Ablauf und Dokumente

Die Habilitation dient der förmlichen Feststellung der wissenschaftlichen und pädagogischen Eignung zum Professor in einem wissenschaftlichen Fachgebiet, das an der Fakultät für Physik und Astronomie der Universität Würzburg durch eine Professur vertreten ist (Lehrbefähigung).

Habilitationsordnung der Fakultät für Physik & Astronomie (2004)

Nach einer abgeschlossenen Promotion gibt es für Wissenschaftler/innen die Möglichkeit, eine Habilitation anzuschließen.
Die Habilitation dient dabei der förmlichen Feststellung der wissenschaftlichen und pädagogischen Eignung zum/zur Professor/in (Lehrbefähigung).

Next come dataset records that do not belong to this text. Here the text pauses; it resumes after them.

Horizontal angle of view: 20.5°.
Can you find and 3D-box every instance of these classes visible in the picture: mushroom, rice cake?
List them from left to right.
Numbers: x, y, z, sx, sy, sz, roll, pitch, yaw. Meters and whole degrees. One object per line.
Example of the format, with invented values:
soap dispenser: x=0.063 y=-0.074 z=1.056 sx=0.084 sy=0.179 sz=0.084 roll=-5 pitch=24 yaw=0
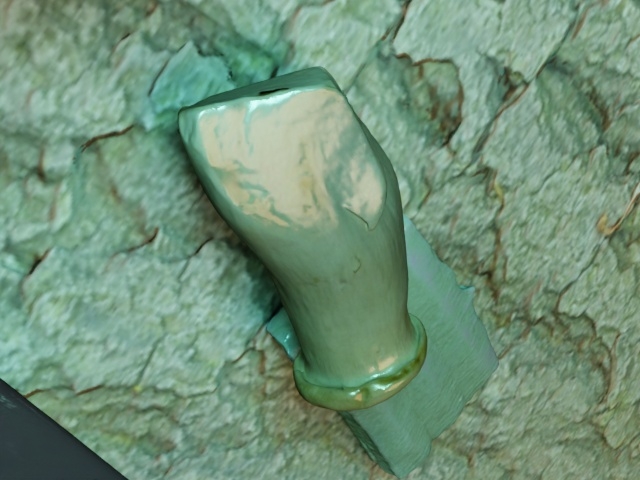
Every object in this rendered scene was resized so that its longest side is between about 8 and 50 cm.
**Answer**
mushroom: x=0.000 y=-0.010 z=0.985 sx=0.247 sy=0.096 sz=0.108 roll=67 pitch=22 yaw=-43
rice cake: x=0.049 y=0.069 z=1.179 sx=0.127 sy=0.043 sz=0.237 roll=-50 pitch=147 yaw=-7

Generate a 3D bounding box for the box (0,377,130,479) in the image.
box: x=-0.200 y=0.214 z=0.891 sx=0.193 sy=0.167 sz=0.294 roll=-12 pitch=129 yaw=-44
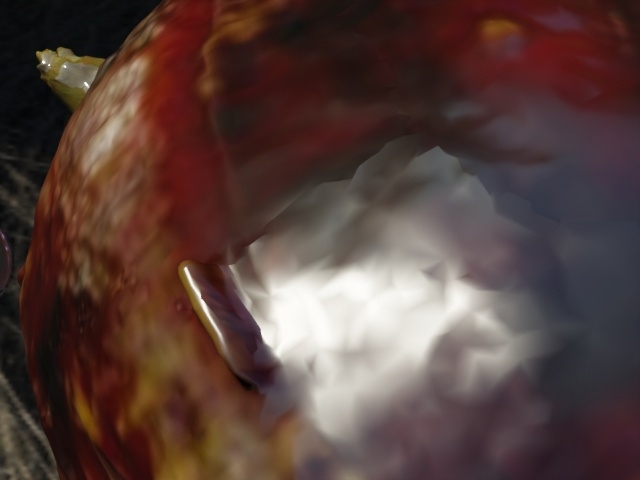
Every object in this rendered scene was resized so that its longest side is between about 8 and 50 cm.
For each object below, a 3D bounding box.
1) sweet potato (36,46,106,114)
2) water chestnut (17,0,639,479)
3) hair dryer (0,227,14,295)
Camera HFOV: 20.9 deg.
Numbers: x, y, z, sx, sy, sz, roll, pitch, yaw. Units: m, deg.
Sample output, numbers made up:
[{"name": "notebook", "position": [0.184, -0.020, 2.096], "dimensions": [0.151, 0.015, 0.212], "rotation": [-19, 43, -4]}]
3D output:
[{"name": "sweet potato", "position": [0.000, 0.000, 0.980], "dimensions": [0.370, 0.158, 0.158], "rotation": [23, 80, -29]}, {"name": "water chestnut", "position": [0.043, 0.075, 0.488], "dimensions": [0.302, 0.350, 0.350], "rotation": [-41, 131, 19]}, {"name": "hair dryer", "position": [-0.291, -0.017, 0.930], "dimensions": [0.248, 0.114, 0.070], "rotation": [38, 33, -4]}]
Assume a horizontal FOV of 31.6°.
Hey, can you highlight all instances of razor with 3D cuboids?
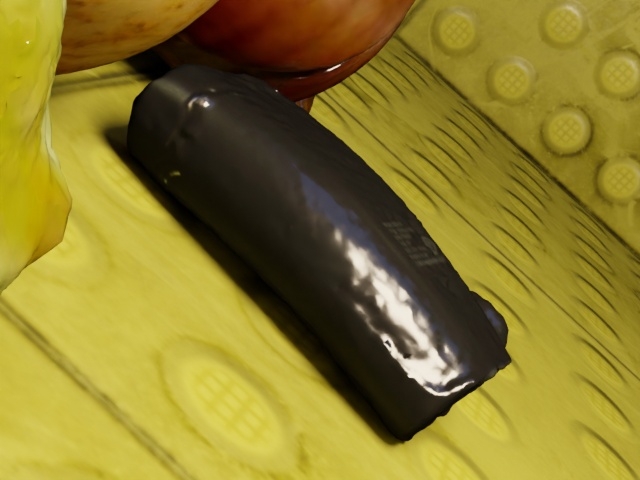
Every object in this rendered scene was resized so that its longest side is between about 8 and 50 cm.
[{"bbox_3d":[0.004,-0.002,0.858,0.327,0.107,0.189,47,18,14],"label":"razor"}]

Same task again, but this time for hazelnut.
[{"bbox_3d":[-0.076,-0.312,1.027,0.409,0.359,0.359,35,18,-33],"label":"hazelnut"}]

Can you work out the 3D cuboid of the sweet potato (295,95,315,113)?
[{"bbox_3d":[-0.033,-0.242,1.359,0.112,0.112,0.359,38,32,-12],"label":"sweet potato"}]

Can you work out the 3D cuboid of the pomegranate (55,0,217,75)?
[{"bbox_3d":[-0.207,-0.261,0.662,0.410,0.410,0.410,38,17,-14],"label":"pomegranate"}]

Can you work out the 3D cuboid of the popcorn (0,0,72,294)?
[{"bbox_3d":[-0.196,-0.083,0.306,0.321,0.290,0.326,13,1,-38],"label":"popcorn"}]

Ein vollständiger Antrag zum Habilitationsgesuch muss beinhalten:

  • Schriftlicher Antrag auf Annahme als Habilitand ist an den Dekan zu richten. Im Gesuch ist anzugeben, für welches Fachgebiet die Lehrbefähigung angestrebt wird. Es kann nur für ein Fachgebiet eine Lehrbefähigung erteilt werden. Zudem sollte ein Vorschlag in Abstimmung mit dem Habilitationsvater/der Habilitationsmutter für die 3 Mitglieder für das spätere Fachmentorat angegeben werden

Dem Gesuch sind beizufügen:

  • als Nachweise zu den in der Habilitationsordnung 2004 in §3 Abs. 2 a) und b) genannten Voraussetzungen, beglaubigte Ablichtungen des Doktordiploms, aller Zeugnisse und Diplome über akademische oder staatliche Abschlussprüfungen und des Zeugnisses der Hochschulreife;
  • ein lückenloser chronologischer Lebenslauf mit besonderer Berücksichtigung des akademischen und beruflichen Werdegangs;
  • ein vollständiges Schriftenverzeichnis der wissenschaftlichen Arbeiten des Bewerbers (nur bereits veröffentlichte Publikationen);
  •  je ein Exemplar der bisherigen wissenschaftlichen Veröffentlichungen und ein Exemplar der Dissertation (feste Bindung), wobei druckfertige Manuskripte mit beigefügt werden können;
  • ein Verzeichnis der bisher durchgeführten akademischen Lehrveranstaltungen (Titel, Art der Lehrveranstaltung, SWS) sowie detaillierte Angaben zur bisherigen Vortragstätigkeit;
  • eine Darstellung der im Habilitationsverfahren geplanten wissenschaftlichen Arbeiten und Angaben darüber, welche drittmittelfähige Grundausstattung voraussichtlich benötigt wird;
  • eine Erklärung darüber, ob und gegebenenfalls mit welchem Erfolg er an einer anderen Hochschule ein Habilitationsgesuch eingereicht hat und ob ihm ein akademischer Grad entzogen worden ist;
  • ein amtliches Führungszeugnis, sofern der Bewerber nicht im öffentlichen Dienst steht;
  • der Nachweis ausreichender Beherrschung der deutschen Sprache (B2 Niveau), wenn der Bewerber aus dem fremdsprachigen Ausland kommt.

Checkliste &  Muster

Sie können sich an der folgenden Checkliste sowie den Mustern orientieren:

Checkliste für den Antrag (PDF)
Schriftlicher Antrag an den Dekan (Muster)

Lebenslauf (Muster)
Verzeichnis akademischer Lehrveranstaltungen & Vorträge (Muster)
 

 

Nach der Prüfung des vollständig eingereichten Antrags werden die Unterlagen i.d.R. in der nächsten Sitzung dem Fakultätsrat zur Behandlung des Habilitationsgesuches und zur Einsetzung einer Habilitiationskommission (bestehend aus  5 Hochschullehrern/-innen, 1 wissenschaftlichen Mitarbeiter/-in und 1 studentischen Vertreter/-in) vorgelegt.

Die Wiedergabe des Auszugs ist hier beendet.